You can't change your kids personalities

Humor, like most personality traits, is pretty much set in stone at birth.
 
 

By Laura Schocker

Contributor

Your child may be growing faster than you can keep track of, but his personality? That's pretty much set.

A new study published in the journal Social Psychological and Personality Science has found that we tend to remain recognizably the same person from childhood to adulthood. "Our personality does seem to stay with us," says lead author Christopher Nave, a doctoral candidate at the University of California Riverside.

Nave and his colleagues used data collected on schoolchildren in the 1960s, where teachers had provided feedback about the personalities of their students. More than 40 years later, the researchers tracked down a large number of the original participants to bring them in for a personality interview. "We saw that the way teachers perceived their students predicted how they were behaving decades later," Nave says.

And these findings may mean you can get a sneak peak into your child's future. Children who were rated "verbally fluent," defined as unrestrained talkativeness, grew up to be dominant and socially adept by the time they were middle-aged. "Adaptable" students tended to become cheerful and curious, while "impulsive" kids were later talkative and loud. And humble kids-those whom teachers said had a tendency to "self-minimize"-were linked with feelings of insecurity and humility as adults.

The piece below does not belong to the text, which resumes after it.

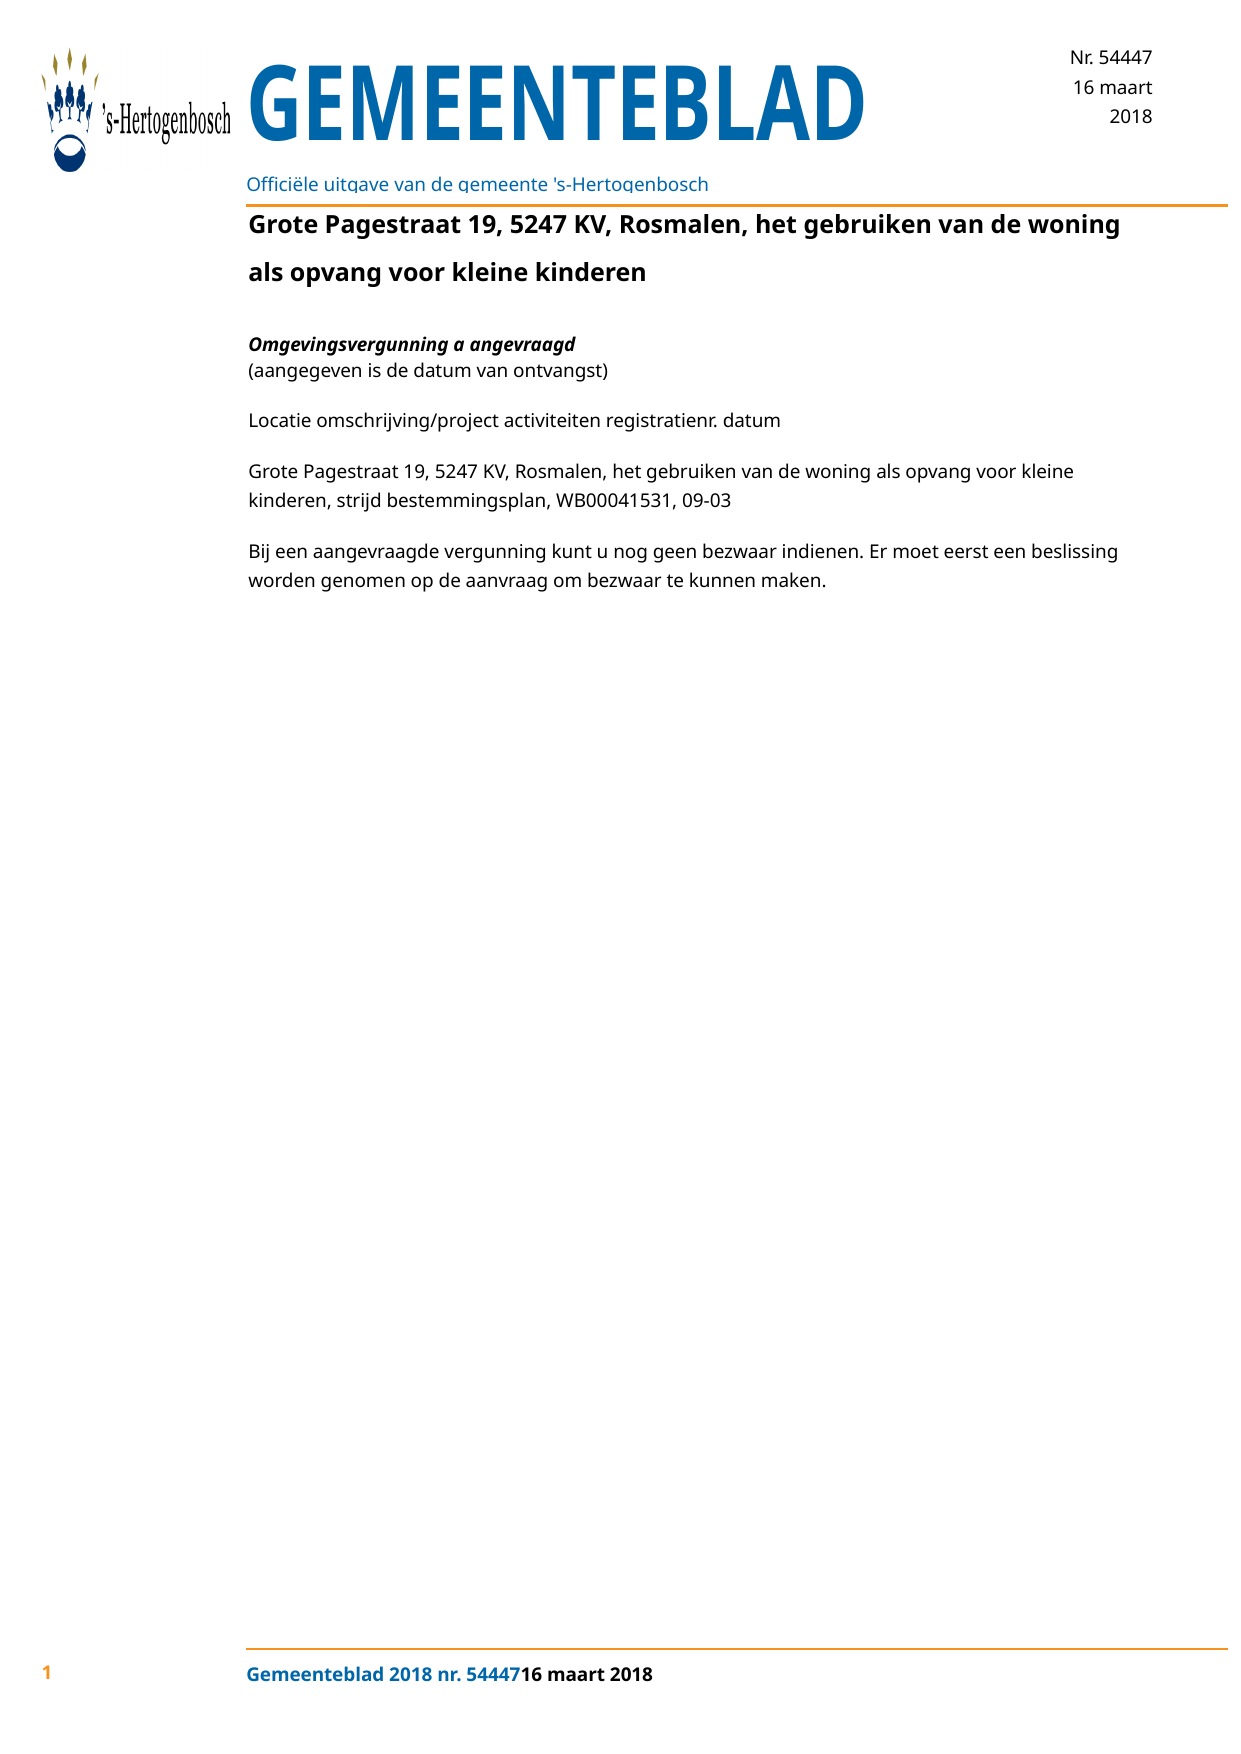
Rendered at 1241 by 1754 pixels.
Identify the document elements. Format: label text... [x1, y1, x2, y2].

The findings, Nave says, mean that while people's personalities can change over time, it may take more work than previously thought. He suggests promoting a blend of different behaviors in your children, as well as asking teachers for feedback. While parents tend to promote being humble, for instance, you may want to step in if the teacher says it's happening to an extreme degree. On the other hand, talkative children-even to the point of almost disturbing the class-tended to find appropriate outlets and succeed in the long run.